Spark Basics : RDDs,Stages,Tasks and DAG
Resilient Distributed Datasets (RDD) is a fundamental data structure of Spark. It is an immutable distributed collection of objects.
RDDs
RDD(Resilient,Distributed,Dataset) is immutable distributed collection of objects.RDD is a logical reference of a
dataset
which is partitioned across many server machines in the cluster. RDDs are Immutable and are self recovered in case of failure.An RDD could come from any datasource, e.g. text files, a database via JDBC, etc.
Creating an RDD
val rdd = sc.textFile("/some_file",3)
val lines = sc.parallelize(List("this is","an example"))

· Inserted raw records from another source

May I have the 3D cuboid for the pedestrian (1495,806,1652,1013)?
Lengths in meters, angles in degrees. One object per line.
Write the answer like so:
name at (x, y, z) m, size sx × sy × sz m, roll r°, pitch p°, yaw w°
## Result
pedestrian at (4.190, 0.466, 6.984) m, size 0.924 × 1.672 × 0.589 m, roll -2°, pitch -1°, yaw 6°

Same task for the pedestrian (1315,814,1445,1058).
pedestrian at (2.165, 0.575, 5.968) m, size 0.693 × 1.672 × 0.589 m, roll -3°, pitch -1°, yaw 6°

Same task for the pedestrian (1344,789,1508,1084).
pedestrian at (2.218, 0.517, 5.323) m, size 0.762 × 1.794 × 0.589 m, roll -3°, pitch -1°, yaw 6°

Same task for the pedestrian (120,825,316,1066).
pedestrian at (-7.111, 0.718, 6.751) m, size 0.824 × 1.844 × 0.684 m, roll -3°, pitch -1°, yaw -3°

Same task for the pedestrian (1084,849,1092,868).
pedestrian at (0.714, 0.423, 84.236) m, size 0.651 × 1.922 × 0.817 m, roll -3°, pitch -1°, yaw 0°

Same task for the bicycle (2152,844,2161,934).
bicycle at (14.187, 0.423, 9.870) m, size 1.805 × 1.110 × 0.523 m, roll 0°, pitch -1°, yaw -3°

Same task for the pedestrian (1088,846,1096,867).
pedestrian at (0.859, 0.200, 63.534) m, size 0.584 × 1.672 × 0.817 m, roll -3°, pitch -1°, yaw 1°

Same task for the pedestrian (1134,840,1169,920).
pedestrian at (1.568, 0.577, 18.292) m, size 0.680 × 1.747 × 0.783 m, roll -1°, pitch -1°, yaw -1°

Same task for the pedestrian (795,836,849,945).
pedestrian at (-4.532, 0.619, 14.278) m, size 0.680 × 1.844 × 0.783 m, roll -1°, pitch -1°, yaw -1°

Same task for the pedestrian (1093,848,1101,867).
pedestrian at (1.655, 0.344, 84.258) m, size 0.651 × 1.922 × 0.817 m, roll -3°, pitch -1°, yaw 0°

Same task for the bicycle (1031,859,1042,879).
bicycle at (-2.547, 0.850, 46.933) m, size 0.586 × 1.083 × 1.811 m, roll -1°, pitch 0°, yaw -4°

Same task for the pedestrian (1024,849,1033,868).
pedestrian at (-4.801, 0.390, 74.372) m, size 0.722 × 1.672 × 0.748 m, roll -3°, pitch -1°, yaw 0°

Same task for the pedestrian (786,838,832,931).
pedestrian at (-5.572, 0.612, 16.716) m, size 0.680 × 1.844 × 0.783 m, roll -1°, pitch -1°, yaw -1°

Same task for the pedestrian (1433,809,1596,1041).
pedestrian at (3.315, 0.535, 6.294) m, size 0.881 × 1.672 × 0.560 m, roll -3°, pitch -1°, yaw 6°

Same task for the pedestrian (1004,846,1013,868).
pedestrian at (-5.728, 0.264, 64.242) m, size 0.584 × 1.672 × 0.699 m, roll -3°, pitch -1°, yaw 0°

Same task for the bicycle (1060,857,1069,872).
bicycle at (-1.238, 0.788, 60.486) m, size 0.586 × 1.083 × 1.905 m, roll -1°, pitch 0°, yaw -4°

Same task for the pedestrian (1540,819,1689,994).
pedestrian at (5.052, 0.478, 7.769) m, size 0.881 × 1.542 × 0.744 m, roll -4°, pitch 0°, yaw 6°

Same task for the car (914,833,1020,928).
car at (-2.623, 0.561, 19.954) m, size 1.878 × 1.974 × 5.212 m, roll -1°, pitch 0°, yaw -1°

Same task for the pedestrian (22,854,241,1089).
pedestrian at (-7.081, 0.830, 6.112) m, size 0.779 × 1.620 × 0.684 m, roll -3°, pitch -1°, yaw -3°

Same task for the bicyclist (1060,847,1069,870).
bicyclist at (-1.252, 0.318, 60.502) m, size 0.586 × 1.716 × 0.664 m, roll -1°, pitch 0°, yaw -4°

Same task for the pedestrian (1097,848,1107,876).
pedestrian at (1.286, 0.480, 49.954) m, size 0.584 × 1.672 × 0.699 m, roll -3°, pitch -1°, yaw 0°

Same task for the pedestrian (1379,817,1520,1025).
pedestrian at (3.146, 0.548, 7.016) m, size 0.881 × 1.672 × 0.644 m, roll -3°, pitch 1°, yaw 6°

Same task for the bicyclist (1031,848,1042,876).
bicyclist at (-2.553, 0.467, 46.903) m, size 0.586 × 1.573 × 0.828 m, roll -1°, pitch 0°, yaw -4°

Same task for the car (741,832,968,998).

the argument ‘3’ in the method call sc.textFile() specifies the number of partitions
Partitions
RDD are a collection of various data if it cannot fit into a single node it should be partitioned across various nodes. So it means, the more the number of partitions, the more the parallelism. These partitions of an RDD is distributed across all the nodes in the network.
RDDs Operations(Transformations and Actions)
There are two types of operations that you can perform on an RDD- Transformations and Actions. Transformation applies some function on a RDD and creates a new RDD, it does not modify the RDD that you apply the function on.(Remember that RDDs are immutable). Also, the new RDD keeps a pointer to it’s parent RDD.